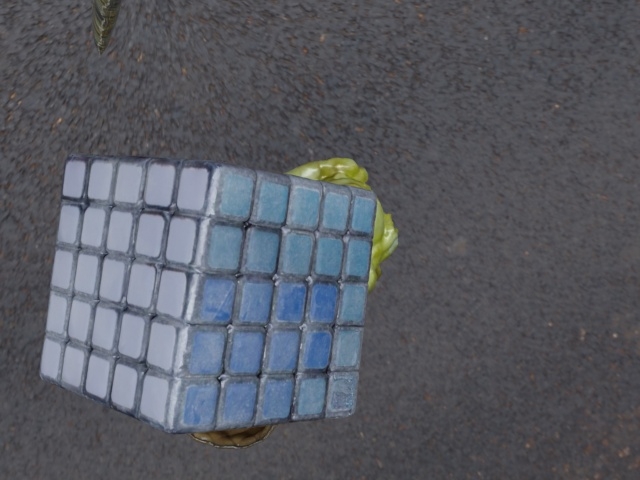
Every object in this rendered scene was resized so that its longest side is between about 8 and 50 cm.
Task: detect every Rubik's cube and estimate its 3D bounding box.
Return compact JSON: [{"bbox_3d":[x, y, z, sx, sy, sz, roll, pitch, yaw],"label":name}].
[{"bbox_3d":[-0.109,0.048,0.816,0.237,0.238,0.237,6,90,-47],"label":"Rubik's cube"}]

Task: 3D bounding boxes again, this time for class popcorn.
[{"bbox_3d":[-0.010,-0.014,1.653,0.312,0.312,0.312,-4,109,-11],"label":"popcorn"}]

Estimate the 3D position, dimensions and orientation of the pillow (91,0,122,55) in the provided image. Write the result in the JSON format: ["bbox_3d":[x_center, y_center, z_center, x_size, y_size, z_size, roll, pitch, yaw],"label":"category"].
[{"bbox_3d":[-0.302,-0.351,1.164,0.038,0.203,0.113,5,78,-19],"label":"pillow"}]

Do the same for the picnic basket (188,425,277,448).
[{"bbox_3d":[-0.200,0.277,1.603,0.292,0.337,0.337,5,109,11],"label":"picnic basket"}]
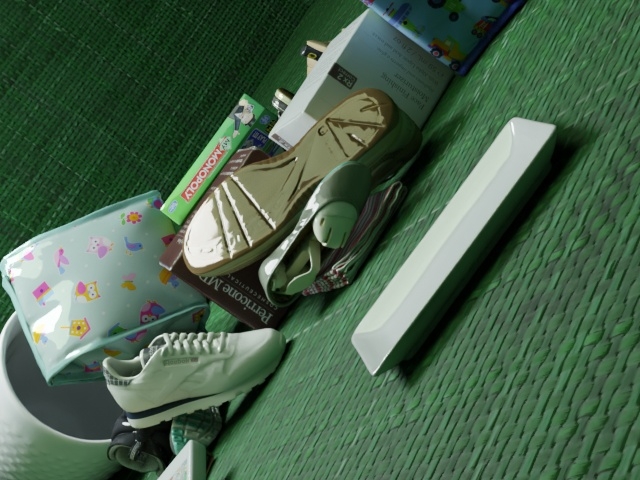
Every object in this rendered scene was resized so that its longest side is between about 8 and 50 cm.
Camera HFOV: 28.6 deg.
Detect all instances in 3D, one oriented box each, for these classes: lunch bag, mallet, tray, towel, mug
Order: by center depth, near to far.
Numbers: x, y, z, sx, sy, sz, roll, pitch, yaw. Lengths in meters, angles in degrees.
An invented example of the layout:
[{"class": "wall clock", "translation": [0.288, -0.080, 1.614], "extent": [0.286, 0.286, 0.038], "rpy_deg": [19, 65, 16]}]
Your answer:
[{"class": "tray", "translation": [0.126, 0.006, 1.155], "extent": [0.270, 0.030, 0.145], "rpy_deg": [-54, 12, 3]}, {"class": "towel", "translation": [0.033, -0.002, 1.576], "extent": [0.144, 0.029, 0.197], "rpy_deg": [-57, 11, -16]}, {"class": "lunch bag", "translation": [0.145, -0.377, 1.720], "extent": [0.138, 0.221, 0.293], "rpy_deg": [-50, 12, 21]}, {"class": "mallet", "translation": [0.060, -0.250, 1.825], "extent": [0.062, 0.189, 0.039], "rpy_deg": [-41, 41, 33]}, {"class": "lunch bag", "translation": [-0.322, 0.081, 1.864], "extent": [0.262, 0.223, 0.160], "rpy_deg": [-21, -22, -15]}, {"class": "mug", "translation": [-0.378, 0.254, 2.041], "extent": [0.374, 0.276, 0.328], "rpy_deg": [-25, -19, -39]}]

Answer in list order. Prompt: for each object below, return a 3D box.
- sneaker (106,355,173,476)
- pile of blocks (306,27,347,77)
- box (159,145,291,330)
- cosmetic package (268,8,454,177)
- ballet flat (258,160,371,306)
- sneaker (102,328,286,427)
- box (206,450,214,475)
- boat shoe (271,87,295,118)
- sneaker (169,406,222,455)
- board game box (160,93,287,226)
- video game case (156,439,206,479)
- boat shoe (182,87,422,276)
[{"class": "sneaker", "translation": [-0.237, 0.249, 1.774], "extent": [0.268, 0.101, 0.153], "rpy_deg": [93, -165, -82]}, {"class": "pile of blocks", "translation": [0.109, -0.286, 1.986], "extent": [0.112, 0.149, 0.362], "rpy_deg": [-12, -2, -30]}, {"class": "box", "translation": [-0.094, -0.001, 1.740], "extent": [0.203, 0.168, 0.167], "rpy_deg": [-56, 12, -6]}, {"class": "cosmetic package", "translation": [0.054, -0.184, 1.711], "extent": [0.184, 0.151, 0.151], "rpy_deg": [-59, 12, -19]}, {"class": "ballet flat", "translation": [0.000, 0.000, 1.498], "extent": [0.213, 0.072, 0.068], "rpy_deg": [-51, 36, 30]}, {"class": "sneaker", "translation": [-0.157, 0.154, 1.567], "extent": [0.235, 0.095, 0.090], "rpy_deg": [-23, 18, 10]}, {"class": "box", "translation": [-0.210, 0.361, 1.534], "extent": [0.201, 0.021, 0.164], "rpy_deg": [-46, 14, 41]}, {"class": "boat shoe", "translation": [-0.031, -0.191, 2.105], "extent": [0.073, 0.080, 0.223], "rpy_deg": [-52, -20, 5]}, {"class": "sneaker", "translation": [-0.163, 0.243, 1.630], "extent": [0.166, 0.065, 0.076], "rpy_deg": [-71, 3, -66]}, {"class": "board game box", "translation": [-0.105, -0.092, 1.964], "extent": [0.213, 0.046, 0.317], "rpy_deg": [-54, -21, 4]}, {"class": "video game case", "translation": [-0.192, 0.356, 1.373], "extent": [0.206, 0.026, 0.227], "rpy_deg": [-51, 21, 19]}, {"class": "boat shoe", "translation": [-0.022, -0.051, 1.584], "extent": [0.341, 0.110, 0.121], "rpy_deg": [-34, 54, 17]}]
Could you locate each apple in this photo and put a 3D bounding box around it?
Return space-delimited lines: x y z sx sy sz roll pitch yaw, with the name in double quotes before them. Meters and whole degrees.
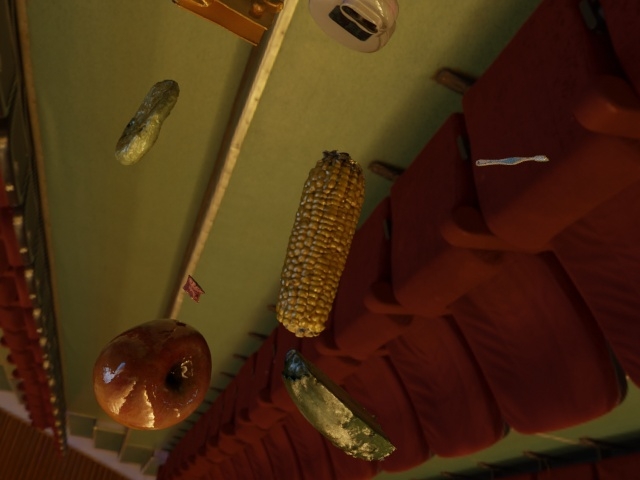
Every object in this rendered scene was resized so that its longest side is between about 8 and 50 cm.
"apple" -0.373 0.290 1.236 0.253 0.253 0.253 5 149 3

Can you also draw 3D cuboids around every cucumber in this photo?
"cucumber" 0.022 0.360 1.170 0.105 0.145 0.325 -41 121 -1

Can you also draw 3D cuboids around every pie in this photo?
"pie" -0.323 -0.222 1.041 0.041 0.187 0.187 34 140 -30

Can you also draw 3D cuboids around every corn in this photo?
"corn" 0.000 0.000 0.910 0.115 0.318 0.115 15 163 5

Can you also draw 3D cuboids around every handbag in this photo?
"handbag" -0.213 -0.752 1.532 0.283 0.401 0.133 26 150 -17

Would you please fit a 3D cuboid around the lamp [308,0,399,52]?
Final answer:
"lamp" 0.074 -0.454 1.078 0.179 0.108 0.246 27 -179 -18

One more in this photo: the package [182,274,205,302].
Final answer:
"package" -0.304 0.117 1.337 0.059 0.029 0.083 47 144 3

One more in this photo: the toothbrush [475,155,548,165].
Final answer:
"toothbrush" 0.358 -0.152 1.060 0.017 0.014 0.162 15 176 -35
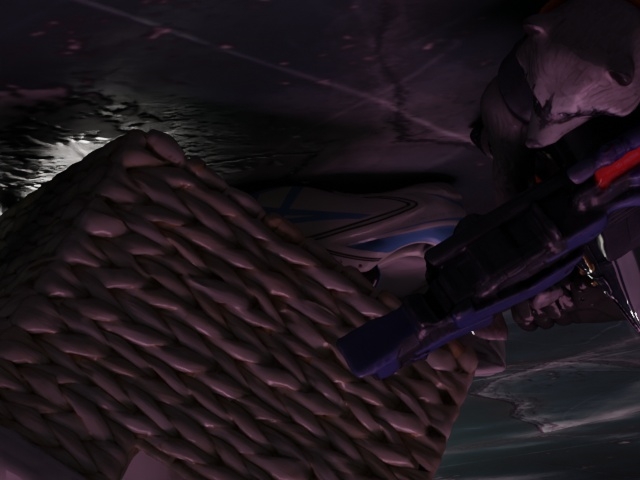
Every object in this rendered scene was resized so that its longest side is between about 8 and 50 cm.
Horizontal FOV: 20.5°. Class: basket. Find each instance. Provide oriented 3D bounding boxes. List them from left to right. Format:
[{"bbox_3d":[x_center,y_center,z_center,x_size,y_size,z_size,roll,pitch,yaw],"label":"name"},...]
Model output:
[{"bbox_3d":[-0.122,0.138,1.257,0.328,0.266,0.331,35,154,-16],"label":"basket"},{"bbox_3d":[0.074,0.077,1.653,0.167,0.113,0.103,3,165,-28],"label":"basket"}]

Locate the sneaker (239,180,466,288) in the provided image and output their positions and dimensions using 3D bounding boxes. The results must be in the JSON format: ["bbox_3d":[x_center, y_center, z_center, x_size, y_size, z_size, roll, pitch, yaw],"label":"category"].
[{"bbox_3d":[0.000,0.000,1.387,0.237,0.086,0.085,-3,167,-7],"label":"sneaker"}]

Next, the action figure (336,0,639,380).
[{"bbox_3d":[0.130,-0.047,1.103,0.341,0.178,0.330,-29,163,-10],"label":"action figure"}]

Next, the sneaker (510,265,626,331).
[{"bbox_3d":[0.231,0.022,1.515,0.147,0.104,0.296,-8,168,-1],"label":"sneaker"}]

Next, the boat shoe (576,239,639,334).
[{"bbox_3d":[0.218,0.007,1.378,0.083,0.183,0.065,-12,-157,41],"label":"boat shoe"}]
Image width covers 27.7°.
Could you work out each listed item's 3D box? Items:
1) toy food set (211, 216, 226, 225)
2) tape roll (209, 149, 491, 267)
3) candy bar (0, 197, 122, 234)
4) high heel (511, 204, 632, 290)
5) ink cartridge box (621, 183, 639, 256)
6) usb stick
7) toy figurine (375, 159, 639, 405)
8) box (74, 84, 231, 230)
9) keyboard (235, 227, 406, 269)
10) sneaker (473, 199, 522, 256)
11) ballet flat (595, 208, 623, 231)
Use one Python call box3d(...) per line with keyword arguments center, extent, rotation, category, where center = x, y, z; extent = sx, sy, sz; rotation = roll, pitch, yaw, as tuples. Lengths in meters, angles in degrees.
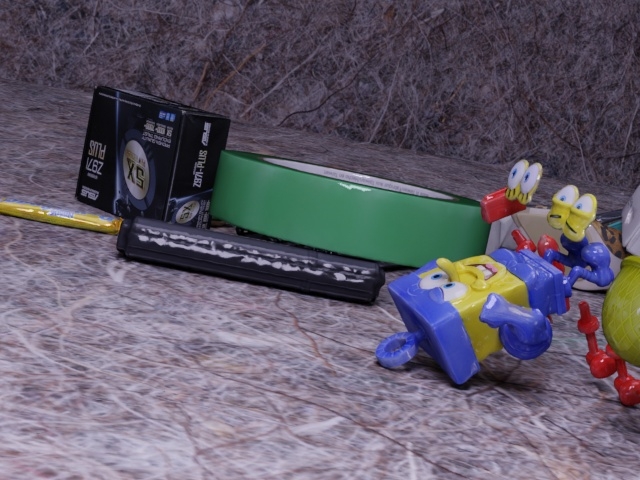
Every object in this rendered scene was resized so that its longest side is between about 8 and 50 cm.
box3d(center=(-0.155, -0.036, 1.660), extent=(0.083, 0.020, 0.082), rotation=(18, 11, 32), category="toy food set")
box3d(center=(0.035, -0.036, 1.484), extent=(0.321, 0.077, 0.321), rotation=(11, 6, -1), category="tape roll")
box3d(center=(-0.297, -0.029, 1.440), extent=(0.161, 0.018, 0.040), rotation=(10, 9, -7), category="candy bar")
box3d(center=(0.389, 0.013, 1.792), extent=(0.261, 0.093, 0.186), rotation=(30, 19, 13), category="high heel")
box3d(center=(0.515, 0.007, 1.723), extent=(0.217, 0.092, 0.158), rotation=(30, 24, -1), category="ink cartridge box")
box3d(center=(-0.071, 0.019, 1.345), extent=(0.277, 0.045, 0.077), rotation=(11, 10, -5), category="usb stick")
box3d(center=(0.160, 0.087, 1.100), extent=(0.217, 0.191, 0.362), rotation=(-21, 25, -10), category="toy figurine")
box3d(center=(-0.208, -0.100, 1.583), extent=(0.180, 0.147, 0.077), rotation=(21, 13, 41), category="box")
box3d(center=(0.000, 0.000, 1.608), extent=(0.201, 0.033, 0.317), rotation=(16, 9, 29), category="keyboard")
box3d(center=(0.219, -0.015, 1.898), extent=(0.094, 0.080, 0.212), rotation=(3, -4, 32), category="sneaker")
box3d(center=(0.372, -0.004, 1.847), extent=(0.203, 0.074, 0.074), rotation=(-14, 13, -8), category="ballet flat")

# # # #

EXERCISE DIRECTIONS
Find each line in the records above that contains "Could", and copy it.

RESPONSE FOR THIS EXERCISE
Could you locate each apple in this photo and put a 3D bounding box around it?
Could you work out each listed item's 3D box? Items:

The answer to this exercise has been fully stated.